Directions =>
Leave out any pictures and transcribe all other data below exactly.
━━━ Supplied entries ━━━
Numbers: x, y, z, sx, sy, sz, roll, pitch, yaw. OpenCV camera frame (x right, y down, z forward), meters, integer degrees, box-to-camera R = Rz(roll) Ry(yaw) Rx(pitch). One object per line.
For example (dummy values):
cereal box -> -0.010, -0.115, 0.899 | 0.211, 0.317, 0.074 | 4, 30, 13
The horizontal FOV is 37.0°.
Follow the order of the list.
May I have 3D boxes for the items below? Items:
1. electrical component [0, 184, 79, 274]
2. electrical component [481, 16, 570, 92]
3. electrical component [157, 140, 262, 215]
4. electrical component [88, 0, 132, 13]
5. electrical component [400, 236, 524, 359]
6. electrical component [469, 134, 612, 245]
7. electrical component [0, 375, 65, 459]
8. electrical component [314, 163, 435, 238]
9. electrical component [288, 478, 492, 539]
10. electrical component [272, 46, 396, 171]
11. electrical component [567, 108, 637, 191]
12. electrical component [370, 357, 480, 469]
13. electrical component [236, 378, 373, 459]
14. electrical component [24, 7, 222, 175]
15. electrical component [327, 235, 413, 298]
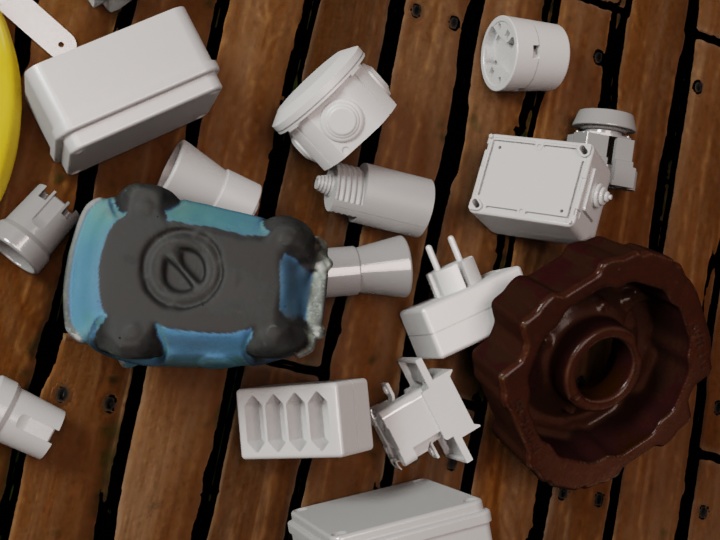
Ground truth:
electrical component -> -0.209, -0.027, 0.691 | 0.040, 0.040, 0.046 | 41, 68, -11
electrical component -> 0.124, -0.160, 0.804 | 0.047, 0.055, 0.055 | 0, 85, -22
electrical component -> -0.100, -0.054, 0.728 | 0.065, 0.044, 0.044 | 25, 78, -19
electrical component -> -0.174, -0.227, 0.708 | 0.061, 0.062, 0.096 | -41, 98, -17
electrical component -> 0.071, 0.014, 0.774 | 0.083, 0.047, 0.075 | -23, 92, -19
electrical component -> 0.138, -0.055, 0.776 | 0.061, 0.096, 0.061 | 33, 71, -57
electrical component -> -0.215, 0.094, 0.678 | 0.046, 0.040, 0.040 | 31, 76, -19
electrical component -> 0.007, -0.053, 0.761 | 0.081, 0.043, 0.043 | 13, 81, -16
electrical component -> 0.020, 0.182, 0.710 | 0.109, 0.109, 0.056 | -10, 90, -19
electrical component -> -0.017, -0.111, 0.740 | 0.051, 0.080, 0.080 | 46, 73, -14
electrical component -> 0.184, -0.093, 0.823 | 0.066, 0.048, 0.055 | 8, 90, -17
electrical component -> 0.042, 0.104, 0.760 | 0.064, 0.042, 0.081 | -28, 94, -15
electrical component -> -0.027, 0.098, 0.725 | 0.076, 0.083, 0.047 | 0, 84, -56
electrical component -> -0.153, -0.114, 0.696 | 0.113, 0.078, 0.057 | -28, 91, -18
electrical component -> 0.000, 0.000, 0.756 | 0.065, 0.044, 0.044 | -5, 87, -14
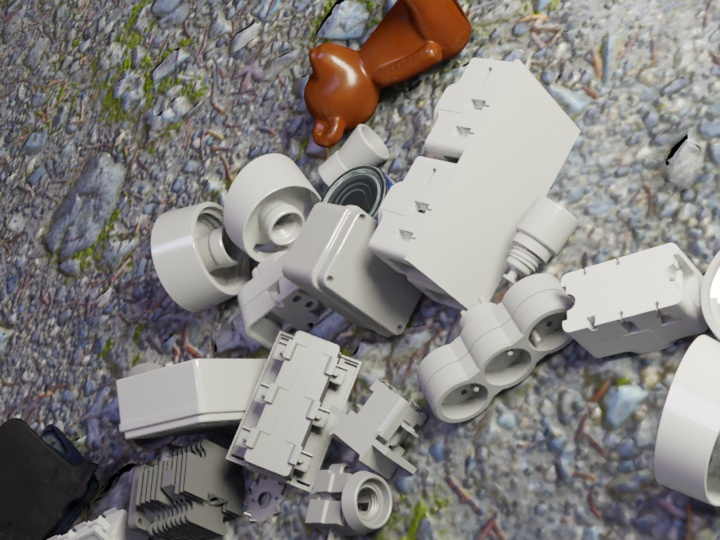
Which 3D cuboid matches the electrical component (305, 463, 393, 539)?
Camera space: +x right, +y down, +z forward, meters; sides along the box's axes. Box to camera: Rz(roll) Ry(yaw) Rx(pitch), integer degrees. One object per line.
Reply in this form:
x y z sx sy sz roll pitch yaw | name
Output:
-0.008 0.186 0.859 0.055 0.048 0.066 -14 54 45 | electrical component

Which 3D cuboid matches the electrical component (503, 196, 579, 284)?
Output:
0.143 -0.023 0.870 0.078 0.040 0.040 -55 41 -2 | electrical component

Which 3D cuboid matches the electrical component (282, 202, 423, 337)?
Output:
0.000 0.000 0.928 0.057 0.113 0.078 14 73 49 | electrical component

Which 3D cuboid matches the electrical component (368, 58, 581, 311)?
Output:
0.094 -0.070 0.896 0.060 0.105 0.186 19 77 47 | electrical component

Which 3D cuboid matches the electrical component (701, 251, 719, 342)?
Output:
0.278 0.017 0.704 0.108 0.060 0.108 -23 50 29 | electrical component

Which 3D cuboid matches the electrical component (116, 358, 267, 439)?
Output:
-0.146 0.116 0.977 0.109 0.109 0.056 -17 76 34 | electrical component

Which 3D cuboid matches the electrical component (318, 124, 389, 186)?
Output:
-0.009 -0.107 1.065 0.065 0.044 0.044 -40 43 22 | electrical component

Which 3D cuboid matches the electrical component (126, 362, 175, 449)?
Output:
-0.196 0.125 1.071 0.079 0.043 0.077 -36 44 18 | electrical component

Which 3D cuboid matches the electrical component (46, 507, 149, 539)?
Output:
-0.259 0.275 1.008 0.121 0.078 0.063 -28 25 25 | electrical component

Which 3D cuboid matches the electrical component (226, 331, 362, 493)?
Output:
-0.057 0.118 0.926 0.079 0.063 0.121 21 74 6 | electrical component

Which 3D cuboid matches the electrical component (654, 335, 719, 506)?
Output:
0.221 0.096 0.678 0.064 0.099 0.099 26 82 42 | electrical component

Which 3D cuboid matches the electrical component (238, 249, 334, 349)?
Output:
-0.067 0.022 1.018 0.095 0.054 0.059 -37 44 17 | electrical component

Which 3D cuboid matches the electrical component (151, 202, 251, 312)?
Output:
-0.153 -0.017 1.086 0.060 0.108 0.108 -18 52 25 | electrical component

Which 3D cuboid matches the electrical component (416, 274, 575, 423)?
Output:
0.102 0.051 0.847 0.138 0.052 0.073 -41 43 14 | electrical component

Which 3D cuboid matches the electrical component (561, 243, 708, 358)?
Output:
0.199 0.025 0.774 0.089 0.056 0.050 -19 52 32 | electrical component

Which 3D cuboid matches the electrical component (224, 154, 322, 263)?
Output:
-0.086 -0.057 1.058 0.099 0.099 0.064 -49 47 5 | electrical component

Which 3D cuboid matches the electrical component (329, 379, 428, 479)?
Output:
0.018 0.127 0.879 0.063 0.042 0.081 -53 42 -6 | electrical component
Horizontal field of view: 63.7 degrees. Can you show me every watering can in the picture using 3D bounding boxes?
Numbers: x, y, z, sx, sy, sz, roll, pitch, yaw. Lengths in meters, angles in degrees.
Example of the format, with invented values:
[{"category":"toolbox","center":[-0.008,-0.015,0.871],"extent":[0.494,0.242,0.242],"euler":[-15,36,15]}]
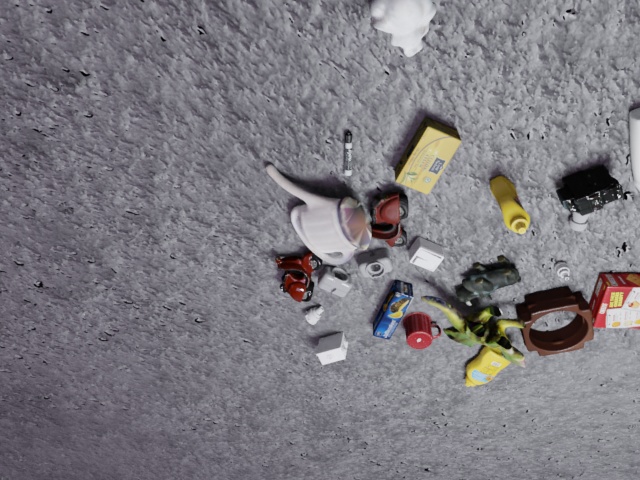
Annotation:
[{"category":"watering can","center":[0.004,-0.069,1.374],"extent":[0.223,0.106,0.342],"euler":[-8,124,38]}]

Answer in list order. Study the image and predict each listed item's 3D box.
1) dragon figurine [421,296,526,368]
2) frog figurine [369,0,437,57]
[{"category":"dragon figurine","center":[0.457,0.281,1.569],"extent":[0.410,0.125,0.238],"euler":[25,151,-1]},{"category":"frog figurine","center":[0.177,-0.468,1.092],"extent":[0.138,0.124,0.157],"euler":[-14,113,-9]}]
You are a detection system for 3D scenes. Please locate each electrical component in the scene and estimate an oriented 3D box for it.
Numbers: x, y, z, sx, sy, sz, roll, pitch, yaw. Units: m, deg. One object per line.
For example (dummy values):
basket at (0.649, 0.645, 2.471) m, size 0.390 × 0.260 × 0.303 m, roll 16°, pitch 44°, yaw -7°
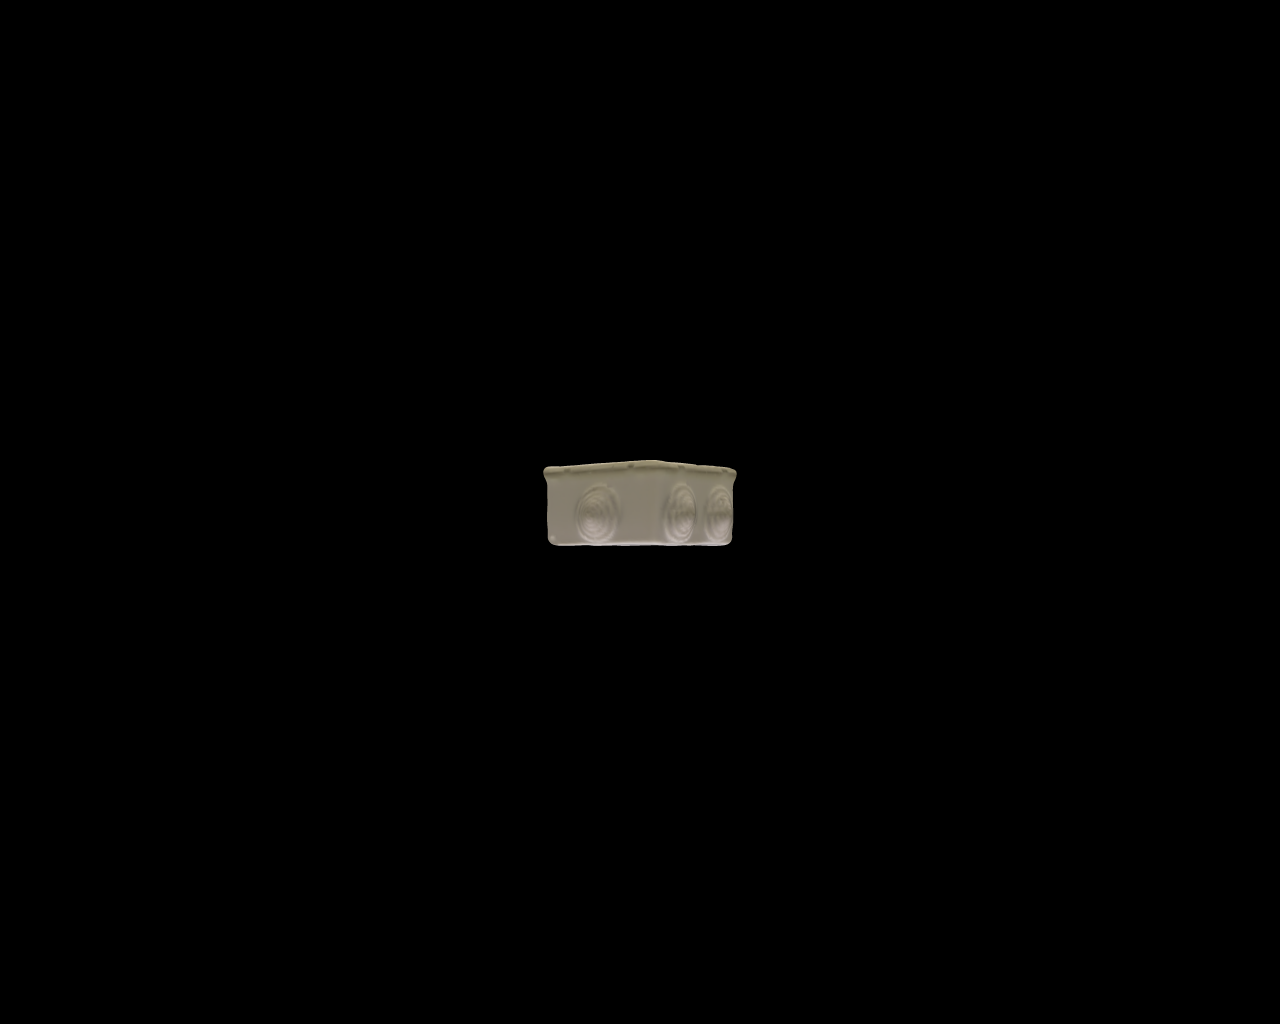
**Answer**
electrical component at (0.001, -0.003, 0.650) m, size 0.100 × 0.048 × 0.100 m, roll -2°, pitch -3°, yaw 36°
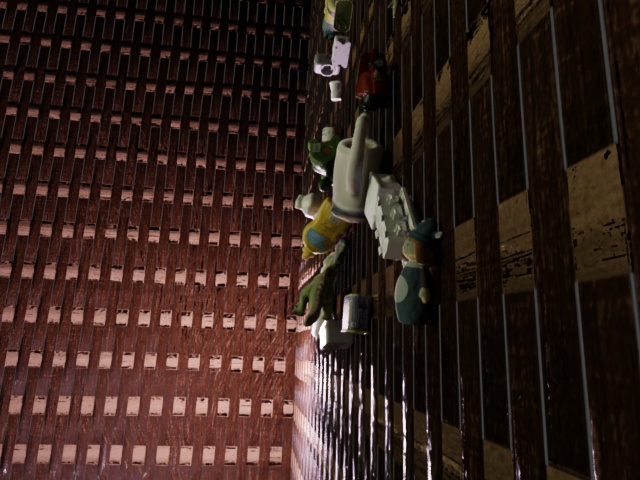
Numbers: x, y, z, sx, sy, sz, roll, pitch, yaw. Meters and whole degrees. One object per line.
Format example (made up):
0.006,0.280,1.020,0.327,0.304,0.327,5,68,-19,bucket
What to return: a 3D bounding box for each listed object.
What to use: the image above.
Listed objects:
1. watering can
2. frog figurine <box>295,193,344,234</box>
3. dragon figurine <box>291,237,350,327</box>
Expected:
━━━
Finished exercise =>
Numbers: x, y, z, sx, sy, sz, roll, pitch, yaw. OpenCV camera frame (x right, y down, z forward), meters, integer degrees, box-to-camera R = Rz(roll) Ry(yaw) Rx(pitch). One object per line.
For example (dummy values):
cereal box -> -0.010, -0.115, 0.899 | 0.211, 0.317, 0.074 | 4, 30, 13
The horizontal FOV is 37.0°.
Follow the order of the list.
May I have 3D boxes for the items below? Items:
1. electrical component [0, 184, 79, 274]
2. electrical component [481, 16, 570, 92]
3. electrical component [157, 140, 262, 215]
4. electrical component [88, 0, 132, 13]
5. electrical component [400, 236, 524, 359]
6. electrical component [469, 134, 612, 245]
7. electrical component [0, 375, 65, 459]
8. electrical component [314, 163, 435, 238]
9. electrical component [288, 478, 492, 539]
10. electrical component [272, 46, 396, 171]
11. electrical component [567, 108, 637, 191]
12. electrical component [370, 357, 480, 469]
13. electrical component [236, 378, 373, 459]
14. electrical component [24, 7, 222, 175]
15. electrical component [327, 235, 413, 298]
Ground truth:
electrical component -> -0.209, -0.027, 0.691 | 0.040, 0.040, 0.046 | 41, 68, -11
electrical component -> 0.124, -0.160, 0.804 | 0.047, 0.055, 0.055 | 0, 85, -22
electrical component -> -0.100, -0.054, 0.728 | 0.065, 0.044, 0.044 | 25, 78, -19
electrical component -> -0.174, -0.227, 0.708 | 0.061, 0.062, 0.096 | -41, 98, -17
electrical component -> 0.071, 0.014, 0.774 | 0.083, 0.047, 0.075 | -23, 92, -19
electrical component -> 0.138, -0.055, 0.776 | 0.061, 0.096, 0.061 | 33, 71, -57
electrical component -> -0.215, 0.094, 0.678 | 0.046, 0.040, 0.040 | 31, 76, -19
electrical component -> 0.007, -0.053, 0.761 | 0.081, 0.043, 0.043 | 13, 81, -16
electrical component -> 0.020, 0.182, 0.710 | 0.109, 0.109, 0.056 | -10, 90, -19
electrical component -> -0.017, -0.111, 0.740 | 0.051, 0.080, 0.080 | 46, 73, -14
electrical component -> 0.184, -0.093, 0.823 | 0.066, 0.048, 0.055 | 8, 90, -17
electrical component -> 0.042, 0.104, 0.760 | 0.064, 0.042, 0.081 | -28, 94, -15
electrical component -> -0.027, 0.098, 0.725 | 0.076, 0.083, 0.047 | 0, 84, -56
electrical component -> -0.153, -0.114, 0.696 | 0.113, 0.078, 0.057 | -28, 91, -18
electrical component -> 0.000, 0.000, 0.756 | 0.065, 0.044, 0.044 | -5, 87, -14
Which 3D cuboid matches the electrical component (305, 463, 393, 539)?
Camera space: +x right, +y down, +z forward, meters; sides along the box's axes. Box to camera: Rz(roll) Ry(yaw) Rx(pitch), integer degrees. One object per line.
Reply in this form:
x y z sx sy sz roll pitch yaw | name
Output:
-0.008 0.186 0.859 0.055 0.048 0.066 -14 54 45 | electrical component

Which 3D cuboid matches the electrical component (503, 196, 579, 284)?
Output:
0.143 -0.023 0.870 0.078 0.040 0.040 -55 41 -2 | electrical component

Which 3D cuboid matches the electrical component (282, 202, 423, 337)?
Output:
0.000 0.000 0.928 0.057 0.113 0.078 14 73 49 | electrical component

Which 3D cuboid matches the electrical component (368, 58, 581, 311)?
Output:
0.094 -0.070 0.896 0.060 0.105 0.186 19 77 47 | electrical component

Which 3D cuboid matches the electrical component (701, 251, 719, 342)?
Output:
0.278 0.017 0.704 0.108 0.060 0.108 -23 50 29 | electrical component

Which 3D cuboid matches the electrical component (116, 358, 267, 439)?
Output:
-0.146 0.116 0.977 0.109 0.109 0.056 -17 76 34 | electrical component

Which 3D cuboid matches the electrical component (318, 124, 389, 186)?
Output:
-0.009 -0.107 1.065 0.065 0.044 0.044 -40 43 22 | electrical component

Which 3D cuboid matches the electrical component (126, 362, 175, 449)?
Output:
-0.196 0.125 1.071 0.079 0.043 0.077 -36 44 18 | electrical component

Which 3D cuboid matches the electrical component (46, 507, 149, 539)?
Output:
-0.259 0.275 1.008 0.121 0.078 0.063 -28 25 25 | electrical component

Which 3D cuboid matches the electrical component (226, 331, 362, 493)?
Output:
-0.057 0.118 0.926 0.079 0.063 0.121 21 74 6 | electrical component

Which 3D cuboid matches the electrical component (654, 335, 719, 506)?
Output:
0.221 0.096 0.678 0.064 0.099 0.099 26 82 42 | electrical component

Which 3D cuboid matches the electrical component (238, 249, 334, 349)?
Output:
-0.067 0.022 1.018 0.095 0.054 0.059 -37 44 17 | electrical component

Which 3D cuboid matches the electrical component (151, 202, 251, 312)?
Output:
-0.153 -0.017 1.086 0.060 0.108 0.108 -18 52 25 | electrical component

Which 3D cuboid matches the electrical component (416, 274, 575, 423)?
Output:
0.102 0.051 0.847 0.138 0.052 0.073 -41 43 14 | electrical component

Which 3D cuboid matches the electrical component (561, 243, 708, 358)?
Output:
0.199 0.025 0.774 0.089 0.056 0.050 -19 52 32 | electrical component

Which 3D cuboid matches the electrical component (224, 154, 322, 263)?
Output:
-0.086 -0.057 1.058 0.099 0.099 0.064 -49 47 5 | electrical component

Which 3D cuboid matches the electrical component (329, 379, 428, 479)?
Output:
0.018 0.127 0.879 0.063 0.042 0.081 -53 42 -6 | electrical component
Horizontal field of view: 63.7 degrees. Can you show me every watering can in the picture using 3D bounding boxes?
Numbers: x, y, z, sx, sy, sz, roll, pitch, yaw. Lengths in meters, angles in degrees.
Example of the format, with invented values:
[{"category":"toolbox","center":[-0.008,-0.015,0.871],"extent":[0.494,0.242,0.242],"euler":[-15,36,15]}]
Annotation:
[{"category":"watering can","center":[0.004,-0.069,1.374],"extent":[0.223,0.106,0.342],"euler":[-8,124,38]}]

Answer in list order. Study the image and predict each listed item's 3D box.
1) dragon figurine [421,296,526,368]
2) frog figurine [369,0,437,57]
[{"category":"dragon figurine","center":[0.457,0.281,1.569],"extent":[0.410,0.125,0.238],"euler":[25,151,-1]},{"category":"frog figurine","center":[0.177,-0.468,1.092],"extent":[0.138,0.124,0.157],"euler":[-14,113,-9]}]
You are a detection system for 3D scenes. Please locate each electrical component in the scene and estimate an oriented 3D box for it.
Numbers: x, y, z, sx, sy, sz, roll, pitch, yaw. Units: m, deg. One object per line.
For example (dummy values):
basket at (0.649, 0.645, 2.471) m, size 0.390 × 0.260 × 0.303 m, roll 16°, pitch 44°, yaw -7°
**Answer**
electrical component at (0.001, -0.003, 0.650) m, size 0.100 × 0.048 × 0.100 m, roll -2°, pitch -3°, yaw 36°
Numbers: x, y, z, sx, sy, sz, roll, pitch, yaw. Meters and whole degrees. One object per line.
Format example (made up):
0.006,0.280,1.020,0.327,0.304,0.327,5,68,-19,bucket
What to return: a 3D bounding box for each listed object.
What to use: the image above.
Listed objects:
1. watering can
2. frog figurine <box>295,193,344,234</box>
3. dragon figurine <box>291,237,350,327</box>
Expected:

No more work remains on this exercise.